US Vice President JD Vance has been more full-throated in his attacks on Israeli critics. Asked on Thursday about reports that Netanyahu was fuming over the MoU, Vance said Trump “is the only head of state in the entire world who is sympathetic to the nation of Israel at this moment in time”, referencing the global condemnation of Israel’s genocidal war on Gaza and attacks upon its neighbours.
“If I was in the cabinet of the Israeli government, I might not be attacking the only powerful ally that I have anywhere left in the entire world,” he added.
Political analyst Ori Goldberg described the situation as not a spat but a “rift”.
“The criticism of Israel coming from US leaders hasn’t arisen because they’ve suddenly gained any great insight, it’s because the facts have become unavoidable,” he said. “Everything they’re saying is correct. These are truth bombs. Israel did pull them into a war and Netanyahu did manipulate Trump.”
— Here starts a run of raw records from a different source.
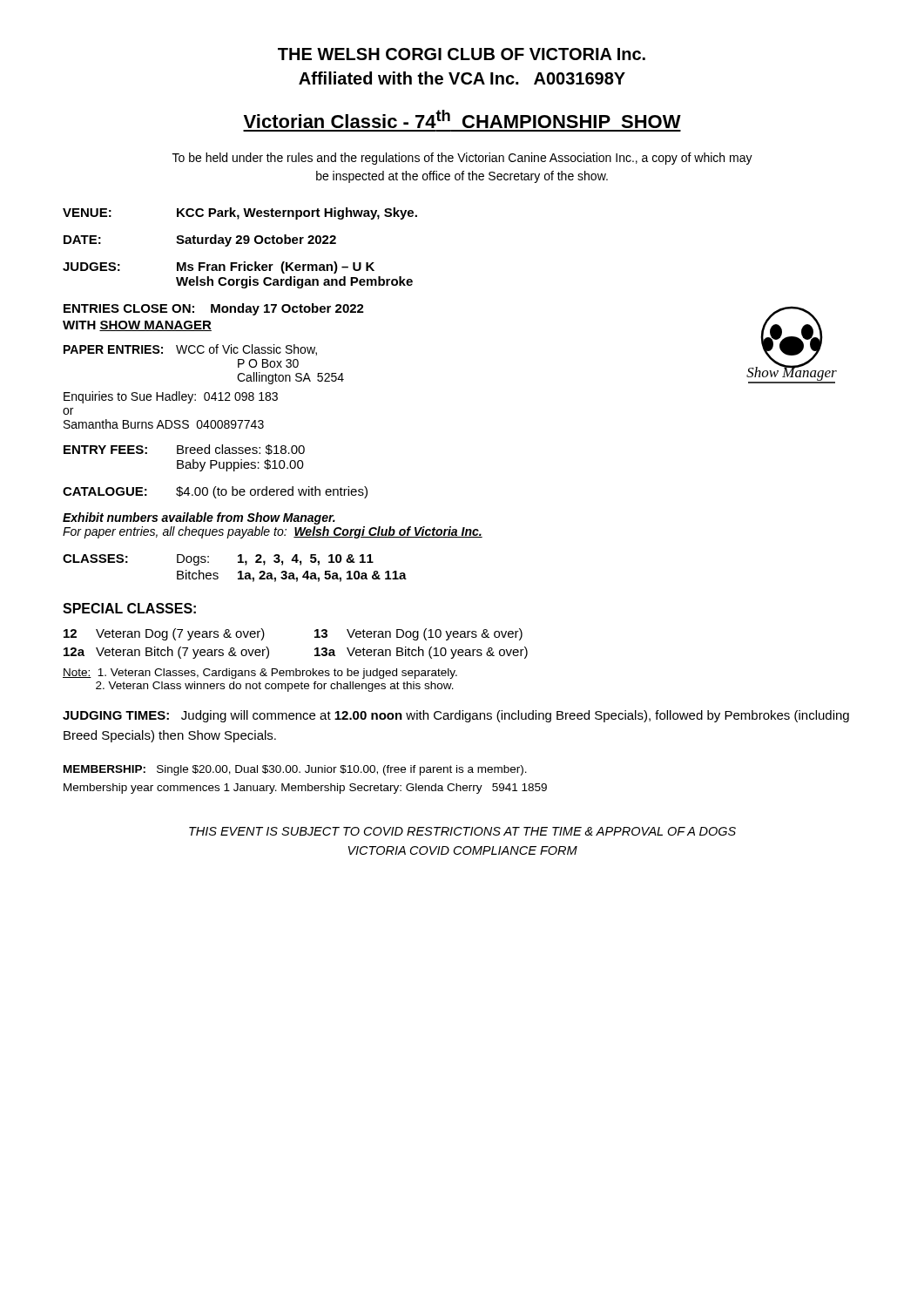This screenshot has height=1307, width=924.
Task: Locate the block of text that opens with "CLASSES: Dogs: 1,"
Action: 234,568
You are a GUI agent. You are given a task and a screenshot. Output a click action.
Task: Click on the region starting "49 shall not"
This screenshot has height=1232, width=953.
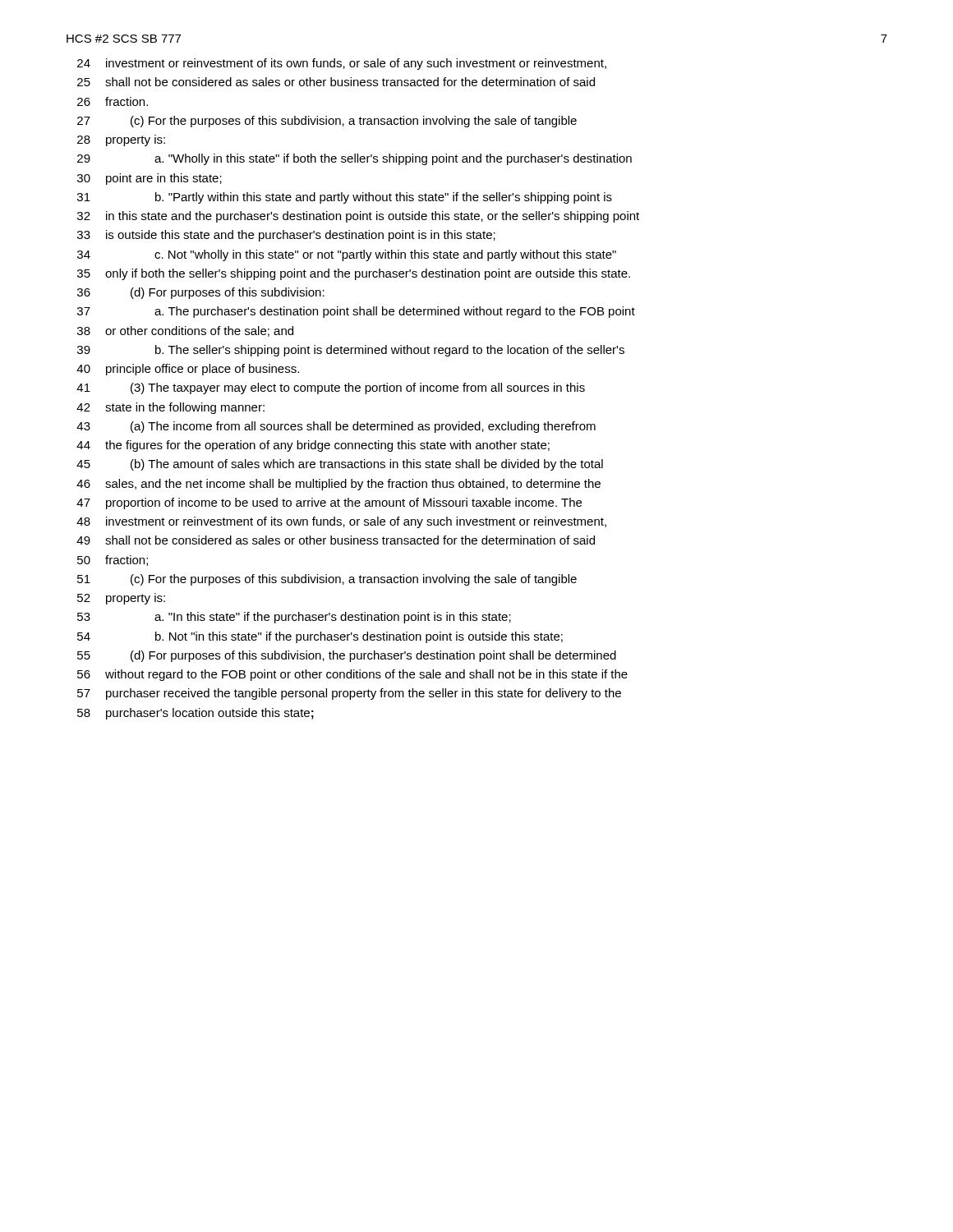[x=476, y=540]
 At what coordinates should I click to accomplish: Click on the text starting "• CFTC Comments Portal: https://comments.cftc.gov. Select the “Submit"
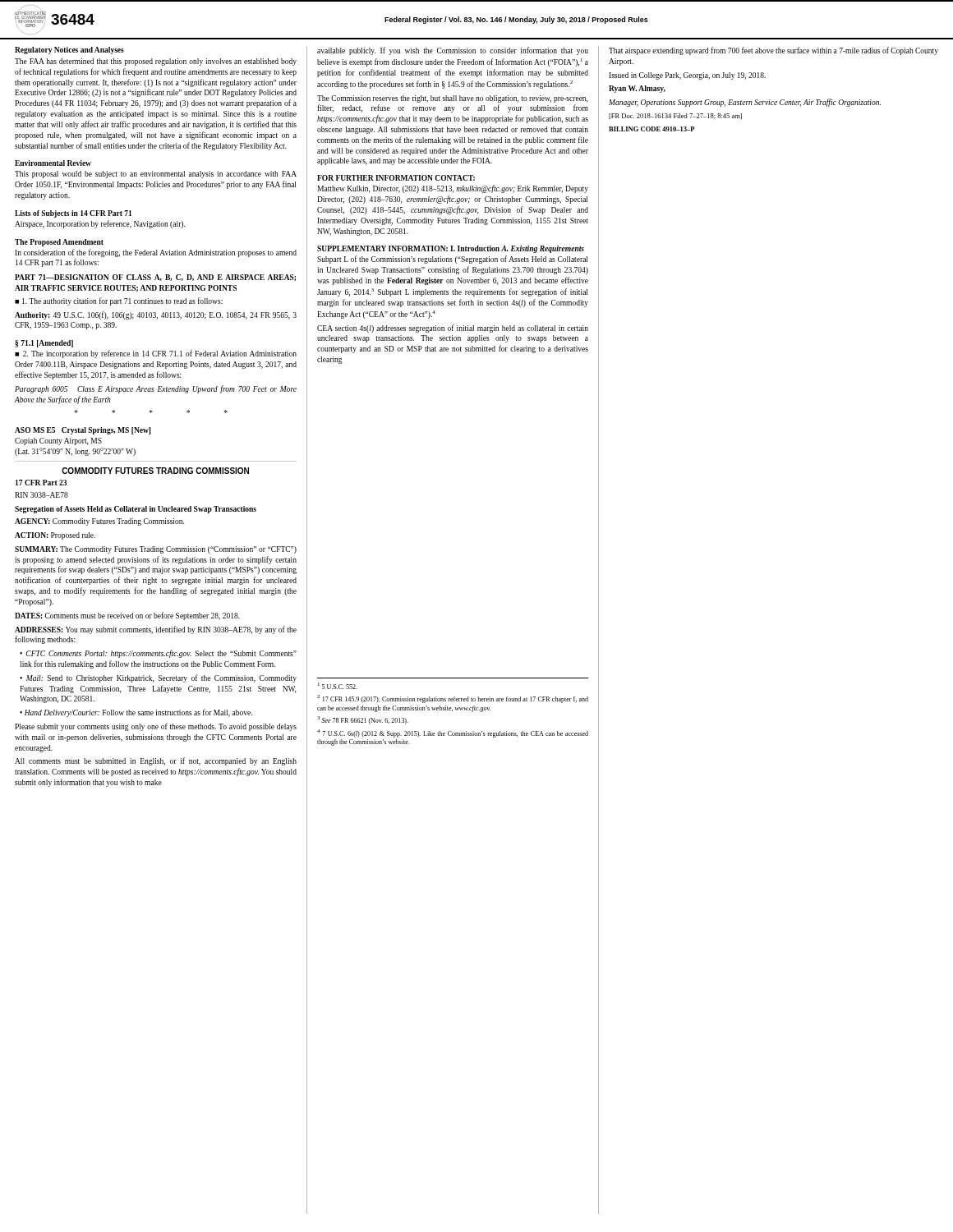point(158,659)

Matters only appear to be growing more grave. On Saturday, Israel’s continued attacks on Lebanon led to Iran once more closing the Strait of Hormuz, the economic gateway where closure previously was credited by many with bringing Trump to the negotiating table.
“Two things are going on here, and each one is a mirror of the other,” said Alon Pinkas, a former Israeli ambassador and consul general in New York.
“On the one hand, you have all the Trump cultists desperately searching for someone external to blame for luring their great leader into such an intractable war, and seizing upon Netanyahu.
“On the other hand, you have all the Netanyahu followers. They’re also faced with a war in Lebanon they can’t get out of and a US agreement with what they’re being told again and again is a far more powerful Iran than that which agreed to a better deal under Obama,” added Pinkas.
“Ultimately, it’s a bad agreement because it was a bad war,” he continued. “One always follows the other.”